Update 2: I also tried this in the upstart file:

start on (started glusterfs-server and mounting TYPE=glusterfs)

but the computer failed to boot (don't know why yet).

7 Answers

Voted

mdekkers · Answer 1 · 2015-03-09T01:54:22+08:00

mdekkers

2015-03-09T01:54:22+08:002015-03-09T01:54:22+08:00

I managed to make this work through a combination of answers in this thread and this one: GlusterFS is failing to mount on boot

As per @Dan Pisarski edit /etc/init/mounting-glusterfs.conf to read:

exec start wait-for-state WAIT_FOR=networking WAITER=mounting-glusterfs-$MOUNTPOINT

As per @dialt0ne change /etc/fstab to read:

[serverip]:[vol]  [mountpoint]  glusterfs  defaults,nobootwait,_netdev,backupvolfile-server=[backupserverip],direct-io-mode=disable  0       0

Works For Me(tm) on Ubuntu 14.04.2 LTS

6

dialt0ne · Answer 2 · 2014-07-20T08:49:13+08:00

dialt0ne

2014-07-20T08:49:13+08:002014-07-20T08:49:13+08:00

I have run into the same problem on AWS on ubuntu 12.04. Here are some things you can do that worked for me:

add more fetch-attempts in your fstab

This will allow you to retry the volfile server while the network is unavailable.

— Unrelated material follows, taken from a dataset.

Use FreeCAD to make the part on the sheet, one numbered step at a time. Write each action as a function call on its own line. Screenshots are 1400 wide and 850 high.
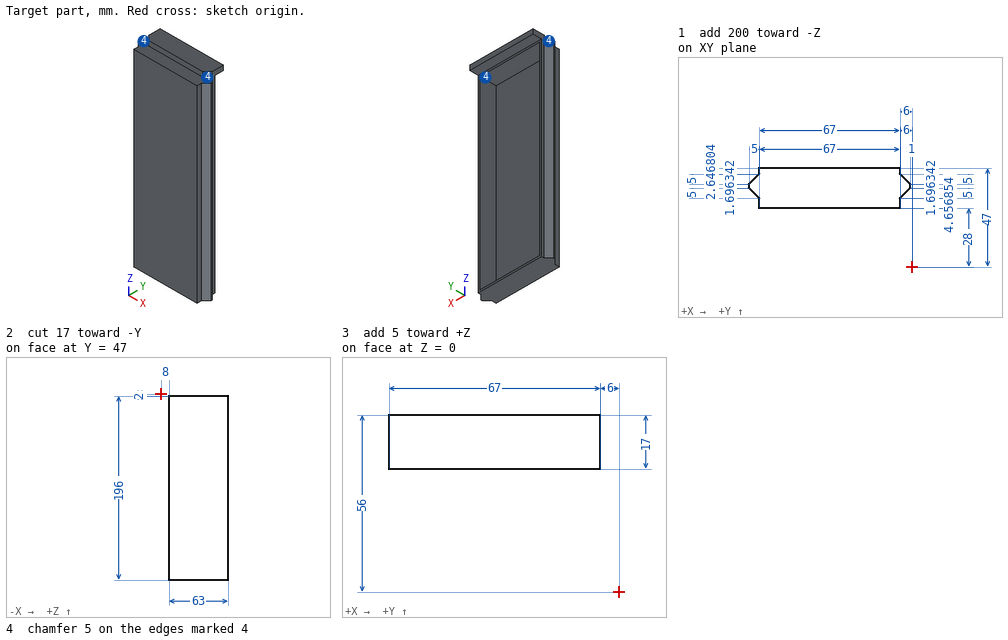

add a backup volfile server in your fstab

This will allow for you to mount the filesystem from another gluster server member if the primary is down for some reason.

add nobootwait in your fstab

This allows the instance to continue booting while this filesystem isn't mounted.

A sample entry from my current fstab is:

10.20.30.40:/fs1 /example glusterfs defaults,nobootwait,_netdev,backupvolfile-server=10.20.30.41,fetch-attempts=10 0 2

I have not tested this on 14.04, but it works ok for my 12.04 instances.

4

Rarylson Freitas · Answer 3 · 2015-06-16T10:52:45+08:00

It's a bug

This is really a bug (the static-network-up is not a job, it's an event signal).

Moreover, using the network job as suggested in other answers is not the most correct solution.

So, I created this bug report and submitted a patch to this problem.

As a workaround, you can apply my proposed solution (at the end of this answer) and use the _netdev option in your fstab.

A better explanation is showed above too, but you can skip this explanation if you want.

Explanation

This is a bug in the mounting-glusterfs.conf. It can increase unnecessary 30 seconds in the boot in an Ubuntu Server, or even hang the boot process.

Because of this bug, the mountall process thinks that the mount failed (you'll see "Mount failed" errors in /var/log/boot.log). So, when not using the nobootwait/nofail flags in /etc/fstab, the bug can hang the mount process (and the boot process too). When using the nobootwait/nofail flags, the bug will increase the boot time in about 30 seconds.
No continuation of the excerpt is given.